A topic in the Open Knowledge Graph — a free, open map of 15,290 topics and the order to learn them in.

Endogeneity

College Depth 115 in the knowledge graph ☐ I know this ☆ Set as goal

75topics build on this

584prerequisites beneath it

Classical OLS Assumptions (Gauss-Markov)Omitted Variable Bias→→Endogenous Regressors: Bias and Consequences Instrumental Variables +2 more

Core Idea

Endogeneity is a general term for any situation where a regressor is correlated with the error term, making OLS biased and inconsistent. There are three main sources: omitted variable bias (a confound is excluded from the model), simultaneity (y and x are jointly determined, as when price and quantity are both endogenous in a supply-demand system), and measurement error (x is measured with noise, attenuating its coefficient toward zero via 'attenuation bias'). Endogeneity is the central identification problem in applied economics, and most advanced methods — instrumental variables, panel fixed effects, regression discontinuity, difference-in-differences — are designed to address specific forms of it.

How It's Best Learned

Work through three separate examples, one for each source of endogeneity, and derive the direction of bias for each. The supply-demand simultaneity example is essential for macroeconomics applications.

Common Misconceptions

Endogeneity is not about the dependent variable being 'determined inside a model'; it specifically means Cov(xⱼ, u) ≠ 0.
Measurement error in y does not cause endogeneity; only measurement error in x creates attenuation bias.

Explainer

From your study of OLS assumptions, you know that the zero-conditional-mean assumption E(u|X) = 0 is what makes OLS unbiased. Endogeneity is the collective name for anything that violates this assumption — any situation where your regressor X is correlated with the error term u. When Cov(X, u) ≠ 0, OLS does not recover the true causal effect; instead it picks up a blend of the causal effect and the confounding relationship between X and u. The bias does not shrink with sample size — endogeneity is a consistency problem, not just a precision problem.
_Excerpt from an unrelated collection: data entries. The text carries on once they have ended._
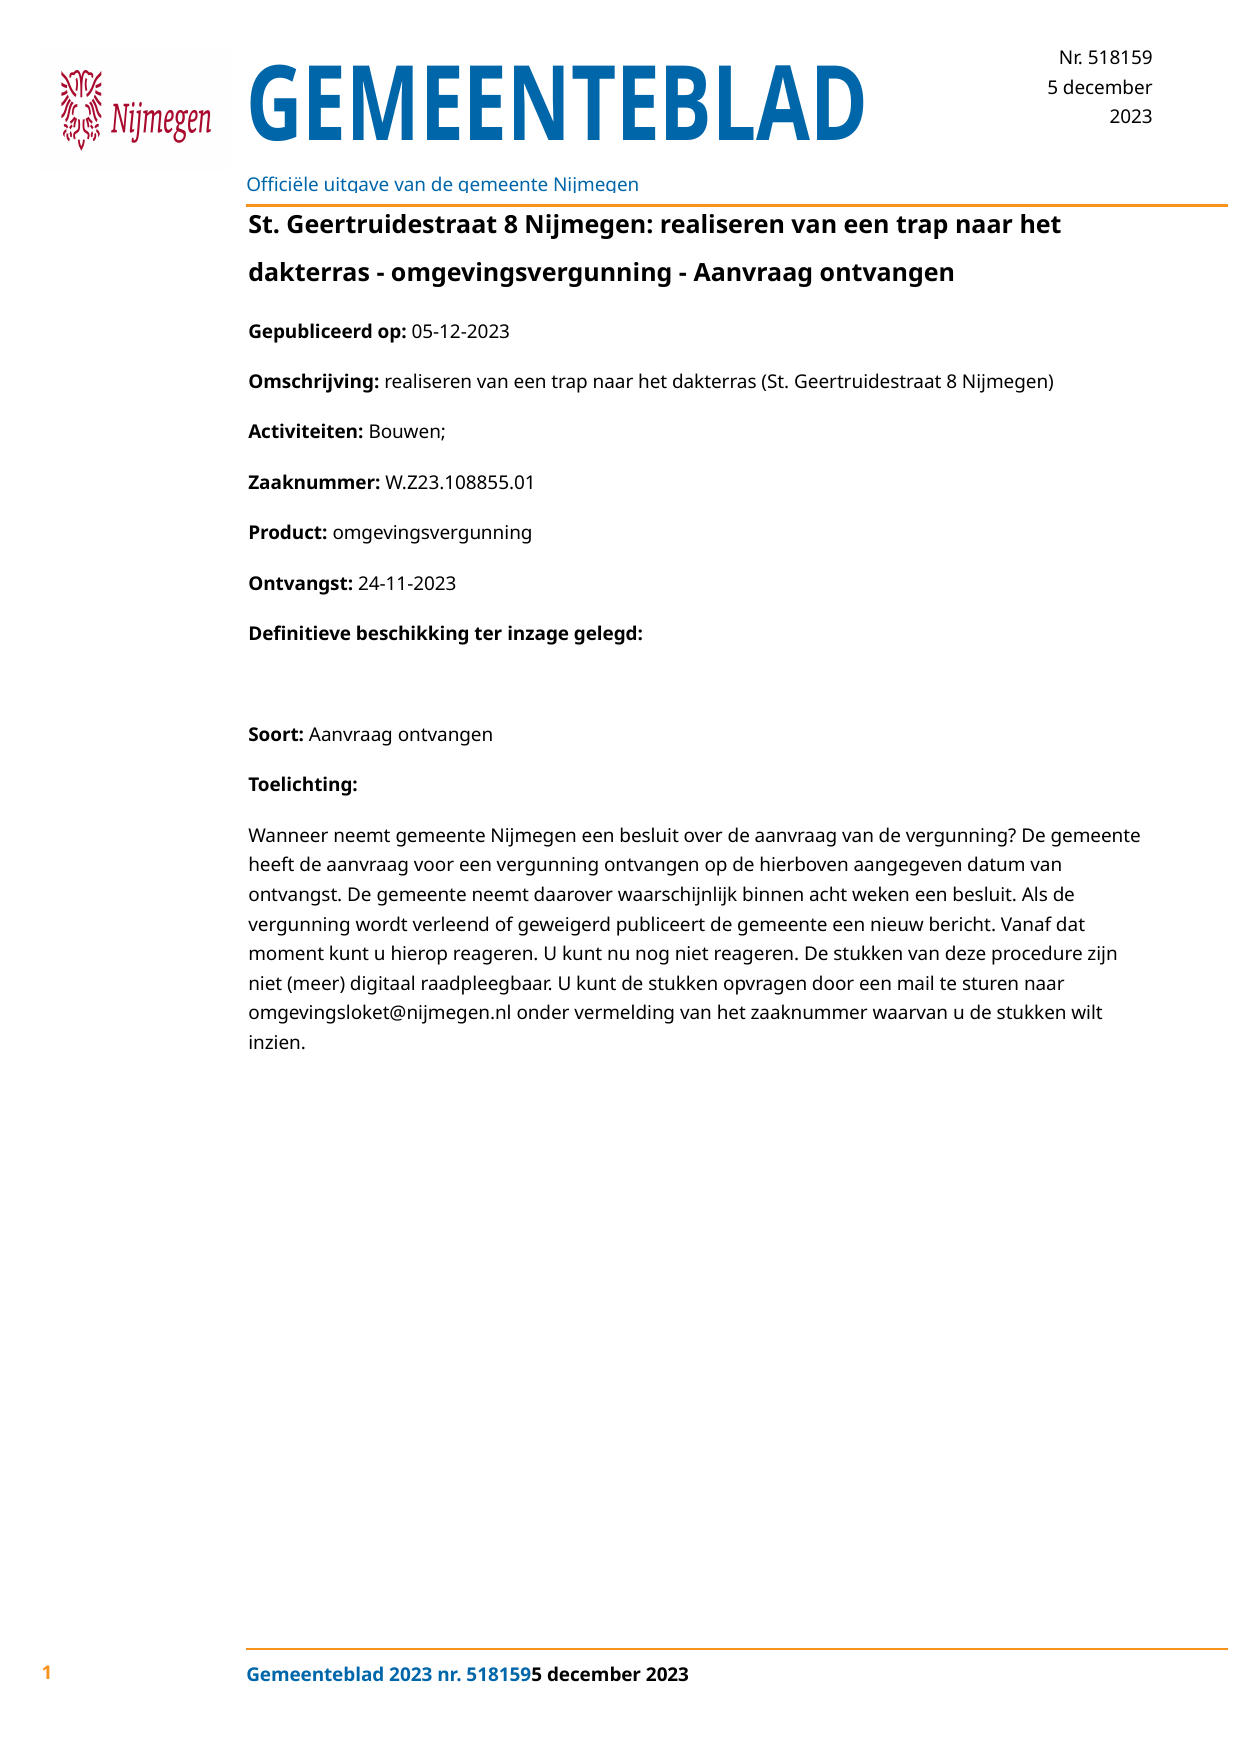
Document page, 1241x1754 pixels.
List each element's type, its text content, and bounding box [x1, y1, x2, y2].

text Wanneer neemt gemeente Nijmegen een besluit over de aanvraag van de vergunning? De gemeente heeft de aanvraag voor een vergunning ontvangen op de hierboven aangegeven datum van ontvangst. De gemeente neemt daarover waarschijnlijk binnen acht weken een besluit. Als de vergunning wordt verleend of geweigerd publiceert de gemeente een nieuw bericht. Vanaf dat moment kunt u hierop reageren. U kunt nu nog niet reageren. De stukken van deze procedure zijn niet (meer) digitaal raadpleegbaar. U kunt de stukken opvragen door een mail te sturen naar omgevingsloket@nijmegen.nl onder vermelding van het zaaknummer waarvan u de stukken wilt inzien. [248, 822, 1152, 1055]
text Product: omgevingsvergunning [248, 519, 1152, 545]
text Gepubliceerd op: 05-12-2023 [248, 318, 1152, 344]
text Activiteiten: Bouwen; [248, 419, 1152, 444]
text Toelichting: [248, 772, 1152, 797]
text Omschrijving: realiseren van een trap naar het dakterras (St. Geertruidestraat 8 Nijmegen) [248, 368, 1152, 394]
text Soort: Aanvraag ontvangen [248, 721, 1152, 747]
text St. Geertruidestraat 8 Nijmegen: realiseren van een trap naar het dakterras - omgevingsvergunning - Aanvraag ontvangen [248, 207, 1152, 288]
picture [41, 47, 231, 172]
text Zaaknummer: W.Z23.108855.01 [248, 469, 1152, 495]
text Ontvangst: 24-11-2023 [248, 570, 1152, 596]
text Definitieve beschikking ter inzage gelegd: [248, 620, 1152, 646]

The three sources each have a distinct mechanism. You already understand the first from omitted variable bias: if a variable Z affects Y and is correlated with X but is left out of the model, Z ends up in the error term, making u correlated with X. The classic example is estimating the returns to education: ability affects wages and is correlated with education, so omitting ability inflates the estimated education coefficient. The direction of bias follows a simple formula: the product of the sign of (Z's effect on Y) and the sign of (Z's correlation with X). Second, simultaneity arises when X and Y jointly determine each other. Trying to estimate a demand curve using market data is the canonical case: both price and quantity are simultaneously set by the intersection of supply and demand, so price is correlated with the demand error. Running OLS on price and quantity gives neither a supply curve nor a demand curve — it gives a jumbled blend of both.
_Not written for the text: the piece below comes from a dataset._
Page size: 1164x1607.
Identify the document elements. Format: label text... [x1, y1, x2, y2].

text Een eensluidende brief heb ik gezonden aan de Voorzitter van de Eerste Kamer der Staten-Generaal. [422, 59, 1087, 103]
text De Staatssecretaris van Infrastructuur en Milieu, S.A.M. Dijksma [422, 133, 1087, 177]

The third source, measurement error in X, is subtler but important. Suppose you're estimating the effect of true ability (X*) on wages, but you only observe test scores (X = X* + v) where v is random noise. The noise v ends up in the error term and is negatively correlated with the mismeasured X, because X absorbs part of v while the remaining v creates negative covariance with u. The result is attenuation bias: your estimated coefficient is biased toward zero — you understate the true relationship. The magnitude of attenuation equals the reliability ratio, the fraction of X's variance that is true signal rather than noise.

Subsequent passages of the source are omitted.